··· Data for review

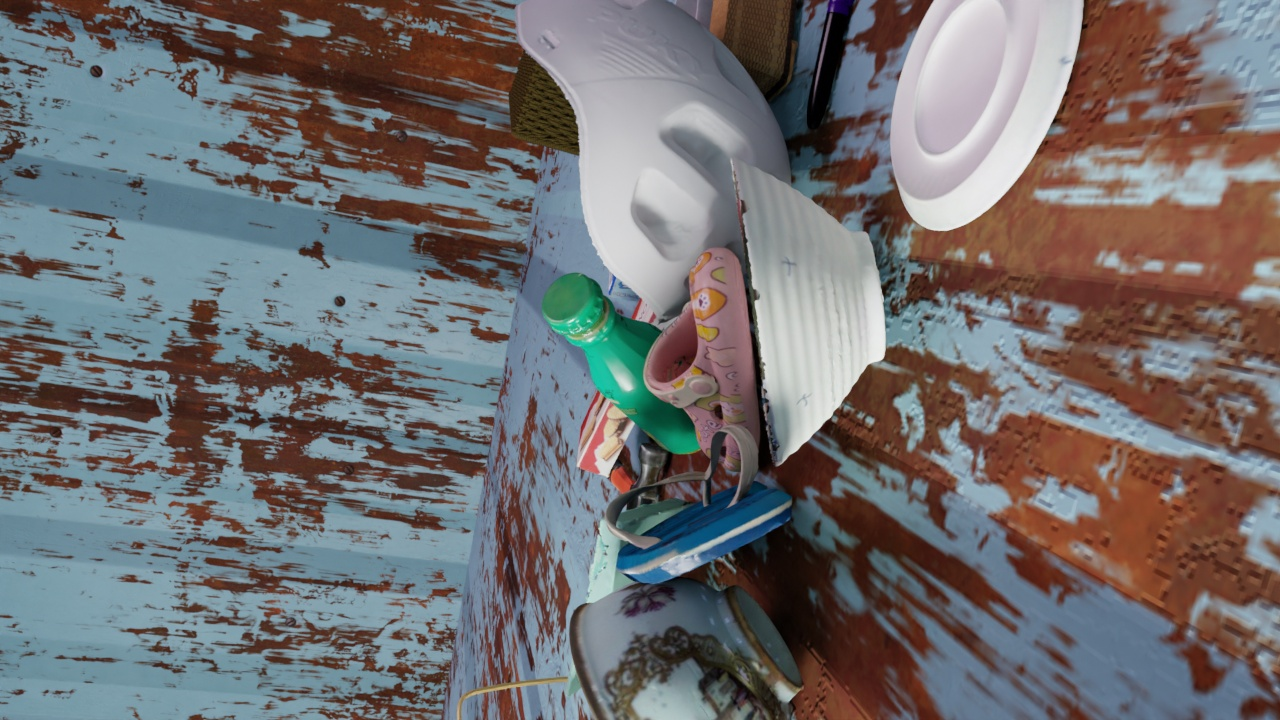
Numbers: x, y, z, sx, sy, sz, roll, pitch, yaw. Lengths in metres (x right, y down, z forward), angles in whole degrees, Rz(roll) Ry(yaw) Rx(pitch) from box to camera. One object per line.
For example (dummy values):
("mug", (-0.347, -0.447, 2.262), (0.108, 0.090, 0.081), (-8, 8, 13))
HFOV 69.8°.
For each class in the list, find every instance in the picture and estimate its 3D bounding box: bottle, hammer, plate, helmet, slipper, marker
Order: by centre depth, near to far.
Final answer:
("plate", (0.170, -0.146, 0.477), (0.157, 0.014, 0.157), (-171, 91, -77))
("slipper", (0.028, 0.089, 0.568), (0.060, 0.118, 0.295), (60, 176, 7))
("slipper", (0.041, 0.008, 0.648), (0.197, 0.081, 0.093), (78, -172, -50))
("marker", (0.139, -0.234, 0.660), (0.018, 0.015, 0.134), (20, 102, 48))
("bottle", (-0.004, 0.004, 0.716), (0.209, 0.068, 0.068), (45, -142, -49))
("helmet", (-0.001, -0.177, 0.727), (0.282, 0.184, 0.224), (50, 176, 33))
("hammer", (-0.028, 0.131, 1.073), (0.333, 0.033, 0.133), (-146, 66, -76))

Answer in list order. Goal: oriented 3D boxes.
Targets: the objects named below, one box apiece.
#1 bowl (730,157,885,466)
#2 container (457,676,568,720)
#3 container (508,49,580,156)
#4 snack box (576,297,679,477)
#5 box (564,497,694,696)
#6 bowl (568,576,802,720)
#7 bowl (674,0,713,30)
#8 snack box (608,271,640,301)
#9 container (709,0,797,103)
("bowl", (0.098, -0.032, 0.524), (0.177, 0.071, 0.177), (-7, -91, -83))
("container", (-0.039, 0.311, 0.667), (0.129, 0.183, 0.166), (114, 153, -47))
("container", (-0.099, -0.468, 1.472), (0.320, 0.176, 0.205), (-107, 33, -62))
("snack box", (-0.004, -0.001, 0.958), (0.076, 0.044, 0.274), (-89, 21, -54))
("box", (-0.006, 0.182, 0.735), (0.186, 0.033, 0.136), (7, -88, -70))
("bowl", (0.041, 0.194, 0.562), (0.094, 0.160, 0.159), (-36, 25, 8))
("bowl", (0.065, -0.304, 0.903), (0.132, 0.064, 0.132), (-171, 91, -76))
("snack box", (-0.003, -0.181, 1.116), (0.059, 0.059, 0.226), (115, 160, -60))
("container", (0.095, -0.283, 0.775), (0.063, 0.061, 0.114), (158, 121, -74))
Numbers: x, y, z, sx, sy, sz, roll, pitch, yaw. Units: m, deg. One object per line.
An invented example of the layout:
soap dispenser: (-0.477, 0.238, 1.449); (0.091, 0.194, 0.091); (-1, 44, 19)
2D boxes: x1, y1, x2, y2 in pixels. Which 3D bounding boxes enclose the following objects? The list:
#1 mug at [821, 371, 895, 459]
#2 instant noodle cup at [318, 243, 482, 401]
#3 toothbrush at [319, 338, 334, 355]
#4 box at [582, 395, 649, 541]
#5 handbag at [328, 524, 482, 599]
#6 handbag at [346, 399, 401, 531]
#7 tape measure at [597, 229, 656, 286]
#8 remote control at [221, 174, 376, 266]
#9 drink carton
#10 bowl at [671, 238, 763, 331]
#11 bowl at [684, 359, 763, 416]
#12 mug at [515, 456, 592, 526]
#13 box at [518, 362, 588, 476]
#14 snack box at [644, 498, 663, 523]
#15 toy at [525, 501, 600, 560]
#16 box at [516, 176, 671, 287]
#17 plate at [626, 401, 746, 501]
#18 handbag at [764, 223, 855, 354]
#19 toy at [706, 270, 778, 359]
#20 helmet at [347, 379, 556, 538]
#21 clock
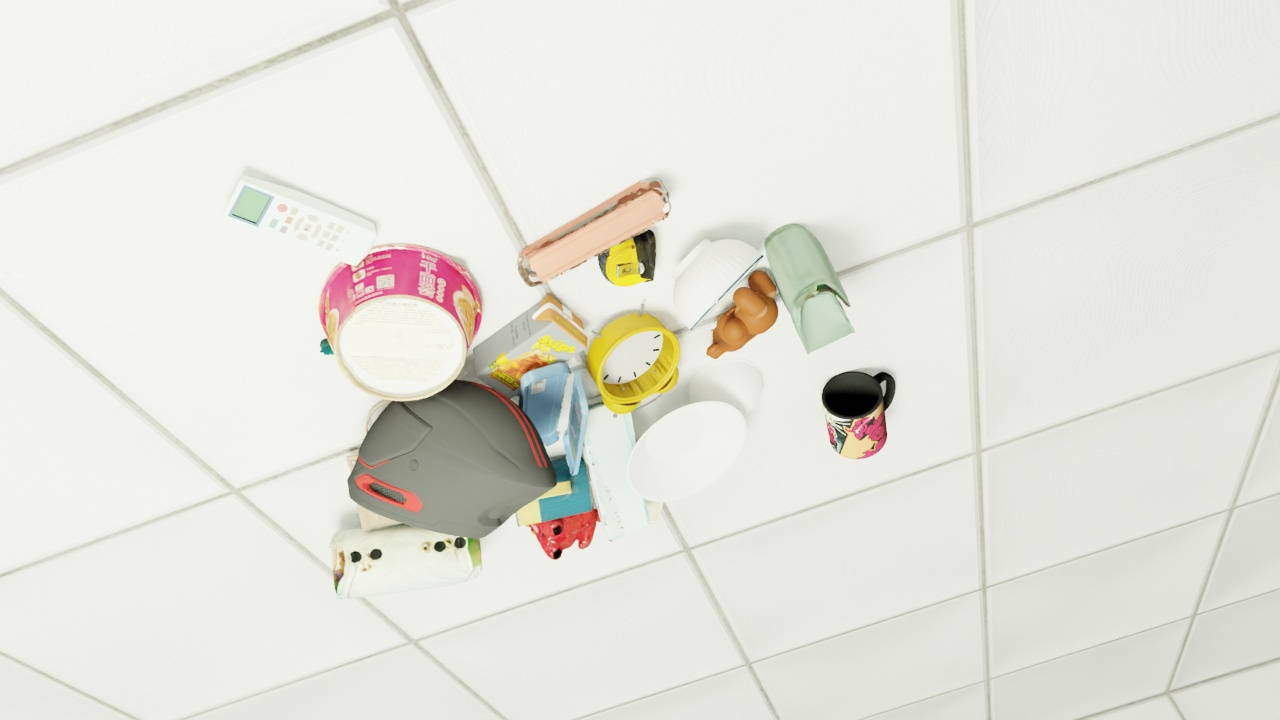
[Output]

······

- Exercise brief: Where a line of the data above includes "example", copy that line.

- Solution to this exercise:
For example (dummy values):
An invented example of the layout:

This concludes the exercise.